On admet aujourd’hui que démocratie signifie « souveraineté appartenant au peuple et exercée en son nom ». N’oublions pas d’interroger cette affirmation : « exercée en son
nom ».
Certes le principe
fondateur repose sur la liberté de l’individu et s’exprime par la loi, chargée de la protéger. On constate aussitôt que les deux éléments qui justifient la démocratie lui sont exogènes :
liberté et légalité. N’est-ce pas un paradoxe ?
Par ailleurs et
dans la même logique de réflexion, peut-on affirmer que d’autres régimes politiques n’en relèvent pas, par exemple les monarchies parlementaires ? La Belgique, la Hollande, les monarchies
nordiques héréditaires sont-elles moins « démocratiques » en ce sens que notre République ? Voire la Grande-Bretagne qui ne possède pas de Constitution ?
A l’inverse, les
démocraties populaires, dont la redondance latine du mot grec voudrait en souligner le superlatif, sont-elles plus démocratiques que notre république ? Alors que la dictature du prolétariat
exclut tout autant certaines parties de leur population, comme le faisaient les premières cités grecques ? Ce n’est plus la naissance, ou le cens, ou la compétence qui discriminaient mais
l’appartenance aux « classes des travailleurs », même si Marx recherchait –in fine « l’association des classes », « où le libre développement de chacun est la condition
du libre développement de tous ». Libre ?
En démocratie…
2) Selon ce que l’on entend par
peuple
2.1 On admet que le Peuple est une entité politique distincte de la population et
de la société (Hanna Arendt). Mais on admet aussi que la Nation est constituée par l’ensemble des individus qui la composent, donc pas d’exclusive ; est-ce si sûr ? Qu’est-ce que le
Peuple ? si ce n’est pas le peuple.
L’expression du peuple, de la volonté du peuple, est celle de sa majorité. Il y a donc des minorités : politiques, sociales, économiques, ethniques, religieuses,
linguistiques, sexuelles… Comment cette complexité se manifeste-t-elle ? Comment trouvent-elles place pour une parole spécifique dans les structures représentatives ?
Peut-on affirmer
que le peuple est « plusieurs en un » ?
Peut-on dire qu’il y a un peuple belge, canadien, danois ? ou plutôt un Etat belge, un Etat canadien ou danois ? Comme si l’Etat était l’incarnation de la diversité = l’Etat, personnage
institutionnel, qui remplace le personnage physique qui l’identifie ? Marianne représente le peuple souverain ?

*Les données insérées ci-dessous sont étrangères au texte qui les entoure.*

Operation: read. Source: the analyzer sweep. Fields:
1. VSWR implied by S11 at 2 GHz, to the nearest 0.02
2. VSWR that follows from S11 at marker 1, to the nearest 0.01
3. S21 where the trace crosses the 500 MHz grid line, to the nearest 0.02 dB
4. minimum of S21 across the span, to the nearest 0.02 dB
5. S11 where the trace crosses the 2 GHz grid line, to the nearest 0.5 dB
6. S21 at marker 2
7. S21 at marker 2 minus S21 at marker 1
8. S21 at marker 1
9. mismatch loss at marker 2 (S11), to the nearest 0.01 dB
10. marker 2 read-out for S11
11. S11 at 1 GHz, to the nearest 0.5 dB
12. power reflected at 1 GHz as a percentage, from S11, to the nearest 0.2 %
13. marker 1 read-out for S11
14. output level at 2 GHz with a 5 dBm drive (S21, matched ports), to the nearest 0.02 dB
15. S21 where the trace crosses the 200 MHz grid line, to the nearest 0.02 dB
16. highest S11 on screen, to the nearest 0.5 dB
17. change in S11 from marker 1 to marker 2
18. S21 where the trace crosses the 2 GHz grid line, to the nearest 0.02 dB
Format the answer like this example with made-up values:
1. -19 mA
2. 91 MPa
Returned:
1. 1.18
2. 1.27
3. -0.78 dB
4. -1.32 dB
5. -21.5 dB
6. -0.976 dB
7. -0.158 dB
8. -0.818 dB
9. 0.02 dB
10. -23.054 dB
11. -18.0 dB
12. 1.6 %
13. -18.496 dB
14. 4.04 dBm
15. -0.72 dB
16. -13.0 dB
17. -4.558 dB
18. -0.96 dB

2.2 Le peuple s’en remet à une puissance législative qui est sensée régler les
rapports entre tous les éléments qui le composent. Cette puissance trouve sa source et sa légitimité dans le suffrage universel.

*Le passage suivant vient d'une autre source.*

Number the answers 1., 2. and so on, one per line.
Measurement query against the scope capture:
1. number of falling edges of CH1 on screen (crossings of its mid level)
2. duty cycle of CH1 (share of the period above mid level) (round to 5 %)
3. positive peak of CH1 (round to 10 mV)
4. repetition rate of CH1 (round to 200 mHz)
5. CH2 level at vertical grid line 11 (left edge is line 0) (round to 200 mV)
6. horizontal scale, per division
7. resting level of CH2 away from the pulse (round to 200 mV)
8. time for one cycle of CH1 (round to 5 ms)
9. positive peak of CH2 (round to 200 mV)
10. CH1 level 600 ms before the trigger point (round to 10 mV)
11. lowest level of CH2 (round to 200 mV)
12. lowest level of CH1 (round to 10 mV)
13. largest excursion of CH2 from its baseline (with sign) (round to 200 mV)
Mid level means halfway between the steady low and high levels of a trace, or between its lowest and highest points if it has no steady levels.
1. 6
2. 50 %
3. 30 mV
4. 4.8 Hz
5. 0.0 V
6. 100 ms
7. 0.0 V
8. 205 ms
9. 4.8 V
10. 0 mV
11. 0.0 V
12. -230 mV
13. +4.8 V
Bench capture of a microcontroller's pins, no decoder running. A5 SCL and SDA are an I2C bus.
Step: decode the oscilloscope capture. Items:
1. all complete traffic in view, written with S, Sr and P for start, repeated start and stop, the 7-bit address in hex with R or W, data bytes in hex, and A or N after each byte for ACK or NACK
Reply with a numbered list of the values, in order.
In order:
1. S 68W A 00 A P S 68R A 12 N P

Mais alors que penser de la validité d’une majorité obtenue par 50,1 % des votes quand la moitié de
l’électorat s’abstient ? (voire 70 % aux USA). Ainsi,
25 % des électeurs légifère pour les 75 % qui sont obligés de se soumettre. Peut-on encore parler du
peuple ? Sans compter les fraudes, les découpages électoraux fluctuants etc… ; sans compter les immigrés admis voire recherchés pour
contribuer au développement national, les jeunes (ou les femmes) qui ne feraient donc pas partie du « peuple » ?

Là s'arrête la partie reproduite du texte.